The players do not have to vote; at their turn they can pass instead. But the requirement is that at least one player must vote correctly, and no player can vote incorrectly. so, in order to win, every player must either pass or get his or her own hat color correct.
Obviously, the players will talk before the game, and try to come up with a strategy. After all, if all three players vote, and each would be correct about half the time, there would be only one chance in eight of winning the prize. One obvious plan is to appoint a spokesman, who will say “my hat is red,” while the others pass.
This has a 50% chance of being correct. But can they do better?
Yes, they can! The players work on the assumption that not all the hats are the same color. Each player looks at her two partners. If their hat colors are both red, hers is black; if both black, hers is red; if they are different, she must pass. For example, if the colors are red, black, red in the order of the players, then both 1 and 3 see two different colors, so they pass.
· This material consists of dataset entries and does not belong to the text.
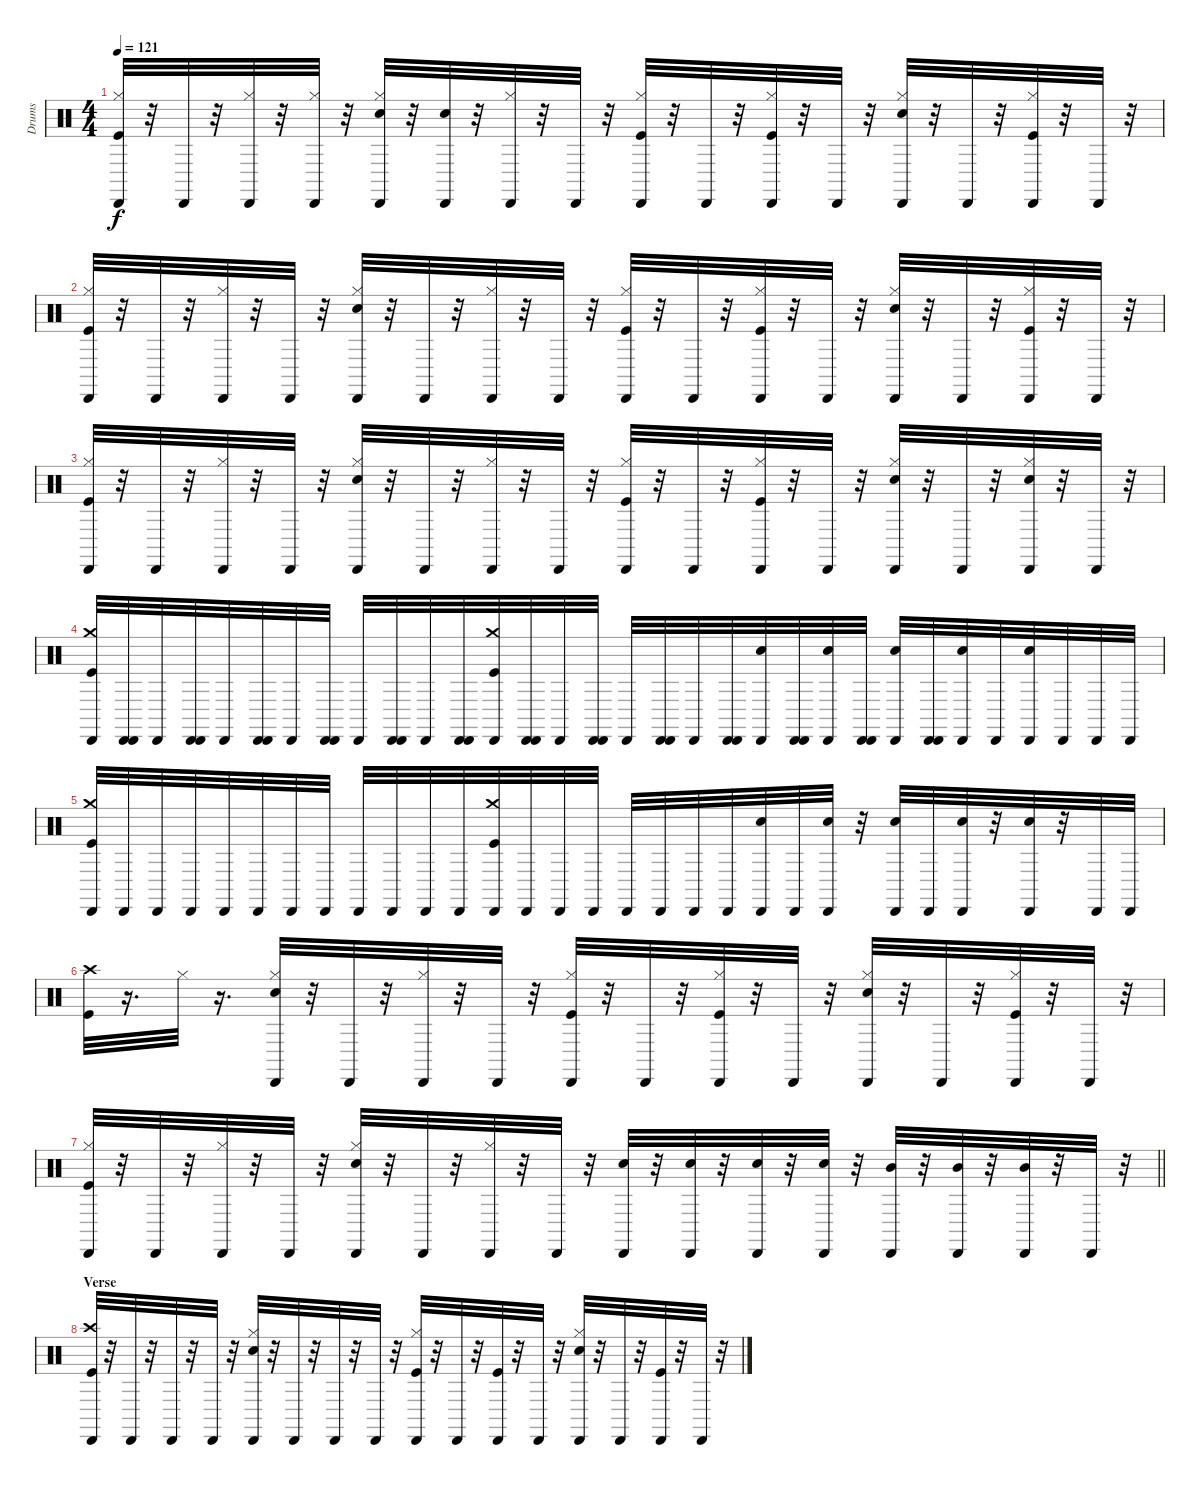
\track ("Drums" "Drums") {instrument percussion}
\staff {score}
\articulation defaults
\ts (4 4)
\tempo 121
\clef neutral
\ks c
("Hi-Hat (closed)" "Kick (hit)" "Cabasa (hit)").32{dy f} r.32 "Cabasa (hit)".32 r.32 ("Hi-Hat (closed)" "Cabasa (hit)").32 r.32 ("Hi-Hat (closed)" "Cabasa (hit)").32 r.32 ("Hi-Hat (closed)" "Snare (hit) 2" "Cabasa (hit)").32 r.32 ("Snare (hit) 2" "Cabasa (hit)").32 r.32 ("Hi-Hat (closed)" "Cabasa (hit)").32 r.32 "Cabasa (hit)".32 r.32 ("Hi-Hat (closed)" "Cabasa (hit)" "Kick (hit)").32 r.32 "Cabasa (hit)".32 r.32 ("Hi-Hat (closed)" "Cabasa (hit)" "Kick (hit)").32 r.32 "Cabasa (hit)".32 r.32 ("Hi-Hat (closed)" "Cabasa (hit)" "Snare (hit) 2").32 r.32 "Cabasa (hit)".32 r.32 ("Hi-Hat (closed)" "Kick (hit)" "Cabasa (hit)").32 r.32 "Cabasa (hit)".32 r.32 |
("Hi-Hat (closed)" "Kick (hit)" "Cabasa (hit)").32 r.32 "Cabasa (hit)".32 r.32 ("Hi-Hat (closed)" "Cabasa (hit)").32 r.32 "Cabasa (hit)".32 r.32 ("Hi-Hat (closed)" "Cabasa (hit)" "Snare (hit) 2").32 r.32 "Cabasa (hit)".32 r.32 ("Hi-Hat (closed)" "Cabasa (hit)").32 r.32 "Cabasa (hit)".32 r.32 ("Hi-Hat (closed)" "Kick (hit)" "Cabasa (hit)").32 r.32 "Cabasa (hit)".32 r.32 ("Hi-Hat (closed)" "Kick (hit)" "Cabasa (hit)").32 r.32 "Cabasa (hit)".32 r.32 ("Hi-Hat (closed)" "Snare (hit) 2" "Cabasa (hit)").32 r.32 "Cabasa (hit)".32 r.32 ("Hi-Hat (closed)" "Cabasa (hit)" "Kick (hit)").32 r.32 "Cabasa (hit)".32 r.32 |
("Hi-Hat (closed)" "Kick (hit)" "Cabasa (hit)").32 r.32 "Cabasa (hit)".32 r.32 ("Hi-Hat (closed)" "Cabasa (hit)").32 r.32 "Cabasa (hit)".32 r.32 ("Hi-Hat (closed)" "Snare (hit) 2" "Cabasa (hit)").32 r.32 "Cabasa (hit)".32 r.32 ("Hi-Hat (closed)" "Cabasa (hit)").32 r.32 "Cabasa (hit)".32 r.32 ("Hi-Hat (closed)" "Cabasa (hit)" "Kick (hit)").32 r.32 "Cabasa (hit)".32 r.32 ("Hi-Hat (closed)" "Kick (hit)" "Cabasa (hit)").32 r.32 "Cabasa (hit)".32 r.32 ("Hi-Hat (closed)" "Snare (hit) 2" "Cabasa (hit)").32 r.32 "Cabasa (hit)".32 r.32 ("Hi-Hat (closed)" "Cabasa (hit)" "Snare (hit) 2").32 r.32 "Cabasa (hit)".32 r.32 |
("Kick (hit)" "Crash medium (hit)" "Cabasa (hit)").32 ("Cabasa (hit)" "Cabasa (hit)").32 "Cabasa (hit)".32 ("Cabasa (hit)" "Cabasa (hit)").32 "Cabasa (hit)".32 ("Cabasa (hit)" "Cabasa (hit)").32 "Cabasa (hit)".32 ("Cabasa (hit)" "Cabasa (hit)").32 "Cabasa (hit)".32 ("Cabasa (hit)" "Cabasa (hit)").32 "Cabasa (hit)".32 ("Cabasa (hit)" "Cabasa (hit)").32 ("Kick (hit)" "Crash medium (hit)" "Cabasa (hit)").32 ("Cabasa (hit)" "Cabasa (hit)").32 "Cabasa (hit)".32 ("Cabasa (hit)" "Cabasa (hit)").32 "Cabasa (hit)".32 ("Cabasa (hit)" "Cabasa (hit)").32 "Cabasa (hit)".32 ("Cabasa (hit)" "Cabasa (hit)").32 ("Cabasa (hit)" "Snare (hit) 2").32 ("Cabasa (hit)" "Cabasa (hit)").32 ("Cabasa (hit)" "Snare (hit) 2").32 ("Cabasa (hit)" "Cabasa (hit)").32 ("Snare (hit) 2" "Cabasa (hit)").32 ("Cabasa (hit)" "Cabasa (hit)").32 ("Cabasa (hit)" "Snare (hit) 2").32 "Cabasa (hit)".32 ("Snare (hit) 2" "Cabasa (hit)").32 "Cabasa (hit)".32 "Cabasa (hit)".32 "Cabasa (hit)".32 |
("Kick (hit)" "Crash medium (hit)" "Cabasa (hit)").32 "Cabasa (hit)".32 "Cabasa (hit)".32 "Cabasa (hit)".32 "Cabasa (hit)".32 "Cabasa (hit)".32 "Cabasa (hit)".32 "Cabasa (hit)".32 "Cabasa (hit)".32 "Cabasa (hit)".32 "Cabasa (hit)".32 "Cabasa (hit)".32 ("Cabasa (hit)" "Crash medium (hit)" "Kick (hit)").32 "Cabasa (hit)".32 "Cabasa (hit)".32 "Cabasa (hit)".32 "Cabasa (hit)".32 "Cabasa (hit)".32 "Cabasa (hit)".32 "Cabasa (hit)".32 ("Cabasa (hit)" "Snare (hit) 2").32 "Cabasa (hit)".32 ("Snare (hit) 2" "Cabasa (hit)").32 r.32 ("Cabasa (hit)" "Snare (hit) 2").32 "Cabasa (hit)".32 ("Snare (hit) 2" "Cabasa (hit)").32 r.32 ("Cabasa (hit)" "Snare (hit) 2").32 r.32 "Cabasa (hit)".32 "Cabasa (hit)".32 |
("Kick (hit)" "Crash high (hit)").32 r.16{d} "Hi-Hat (closed)".32 r.16{d} ("Hi-Hat (closed)" "Cabasa (hit)" "Snare (hit) 2").32 r.32 "Cabasa (hit)".32 r.32 ("Hi-Hat (closed)" "Cabasa (hit)").32 r.32 "Cabasa (hit)".32 r.32 ("Hi-Hat (closed)" "Cabasa (hit)" "Kick (hit)").32 r.32 "Cabasa (hit)".32 r.32 ("Hi-Hat (closed)" "Cabasa (hit)" "Kick (hit)").32 r.32 "Cabasa (hit)".32 r.32 ("Hi-Hat (closed)" "Snare (hit) 2" "Cabasa (hit)").32 r.32 "Cabasa (hit)".32 r.32 ("Hi-Hat (closed)" "Cabasa (hit)" "Kick (hit)").32 r.32 "Cabasa (hit)".32 r.32 |
\barLineRight lightlight
("Hi-Hat (closed)" "Kick (hit)" "Cabasa (hit)").32 r.32 "Cabasa (hit)".32 r.32 ("Hi-Hat (closed)" "Cabasa (hit)").32 r.32 "Cabasa (hit)".32 r.32 ("Hi-Hat (closed)" "Cabasa (hit)" "Snare (hit) 2").32 r.32 "Cabasa (hit)".32 r.32 ("Hi-Hat (closed)" "Cabasa (hit)").32 r.32 "Cabasa (hit)".32 r.32 ("Snare (hit) 2" "Cabasa (hit)").32 r.32 ("Cabasa (hit)" "Snare (hit) 2").32 r.32 ("Snare (hit) 2" "Cabasa (hit)").32 r.32 ("Cabasa (hit)" "Snare (hit) 2").32 r.32 ("Cabasa (hit)" "Mid Tom (hit)").32 r.32 ("Cabasa (hit)" "Mid Tom (hit)").32 r.32 ("Cabasa (hit)" "Mid Tom (hit)").32 r.32 "Cabasa (hit)".32 r.32 |
\section ("" "Verse")
("Kick (hit)" "Cabasa (hit)" "Crash high (hit)").32 r.32 "Cabasa (hit)".32 r.32 "Cabasa (hit)".32 r.32 "Cabasa (hit)".32 r.32 ("Hi-Hat (closed)" "Snare (hit) 2" "Cabasa (hit)").32 r.32 "Cabasa (hit)".32 r.32 "Cabasa (hit)".32 r.32 "Cabasa (hit)".32 r.32 ("Hi-Hat (closed)" "Cabasa (hit)" "Kick (hit)").32 r.32 "Cabasa (hit)".32 r.32 ("Cabasa (hit)" "Kick (hit)").32 r.32 "Cabasa (hit)".32 r.32 ("Hi-Hat (closed)" "Cabasa (hit)" "Snare (hit) 2").32 r.32 "Cabasa (hit)".32 r.32 ("Cabasa (hit)" "Kick (hit)").32 r.32 "Cabasa (hit)".32 r.32

Two sees both red, so votes “black.” The players win.
Consider the eight possibilities.
• BBB All three vote R. They lose.
• RBB 1 votes R; others pass. They win.
• BRB 2 votes R; others pass. They win.
• BBR 3 votes R; others pass. They win.
• BRR 1 votes B; others pass. They win.
• RBR 2 votes B; others pass. They win.
• RRB 3 votes B; others pass. They win.
• RRR All three vote B. They lose.
So they win in six of the eight cases, or 75%.
To understand what we have done here, suppose we represent red hats by 1 and black hats by 0. The actual hat configuration is represented by a binary string of length 3. Think of them as possible codewords in a particularly simple binary code with only two messages, 1 and 0. To encode a message, simply send the message three times. If you receive 110 in this code, you know that there has been either one error (the intended transmission was 111) or two (it should have been 000). In nearest-neighbor decoding, you would assume there was only one error, so it was intended to send 111 and the message was 1.
Now suppose you are told that a codeword was sent incorrectly, but you can only see two of the characters. If those two characters are different, you cannot tell what was the third character sent, but if two were the same then the third must have been different from them.
We turn this coding problem into a game for three players as follows. A threesymbol binary string is transmitted at random; the strings are equally likely. Each player sees two of the symbols (a different pair for each player), but cannot see the third. They are asked if they know the missing symbol. They can either identify it or pass; the players win if at least one identifies the symbol correctly and none identify it incorrectly.
This code game corresponds to the hat game. A player receiving a red hat in the hat game is the same as if that player cannot see a 1 in the code game. The players work on the assumption that the string was not a codeword. If the string transmitted was actually a codeword, all three players would think they knew the missing symbol but would be wrong. If there was a transmission error, one player would give a correct answer while the other two would pass. So the players would lose if the string was a codeword and win if it was not. Since only two of the eight possible strings are codewords, they would win in 75% of cases.
We can generalize the hat game to seven players by using the Hamming code.
Again, a red hat corresponds to a 1 in the code and a black hat to an R. The players are ordered, and each player can see the other hats and construct a seven-digit string with one digit missing—the one corresponding to the player’s own hat. She then asks, “what would the missing symbol be if this is not a codeword?” It can be shown that, if the string is not a codeword, exactly one player can answer this question; the others will pass, and the team will win. If the original string was a codeword, all the player will make a wrong answer. Since there are 16 possible codewords and 27 = 128 possible strings, the probability of winning this game is 7/8.